### GIVEN MATERIAL:
● ● ● ● ●
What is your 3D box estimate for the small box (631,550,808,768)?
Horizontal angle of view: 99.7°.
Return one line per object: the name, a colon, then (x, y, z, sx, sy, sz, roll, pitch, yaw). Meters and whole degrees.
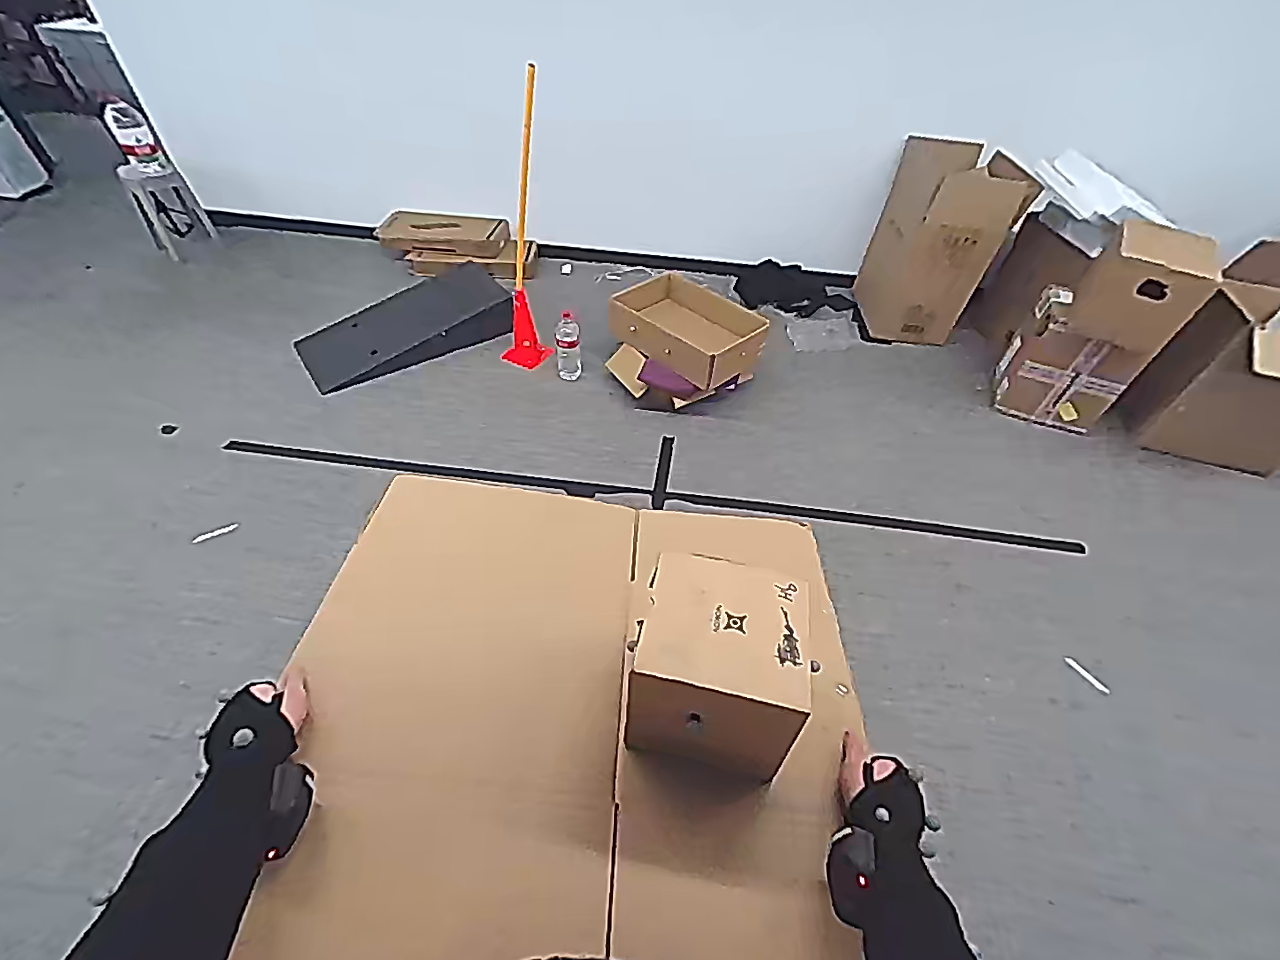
● ● ● ● ●
### EXERCISE AIM:
Repeat the listing above in full, exactly, and omit its pictures.

### SOLVED PROBLEM:
What is your 3D box estimate for the small box (631,550,808,768)?
Horizontal angle of view: 99.7°.
Return one line per object: the name, a colon, then (x, y, z, sx, sy, sz, roll, pitch, yaw). Meters and whole degrees.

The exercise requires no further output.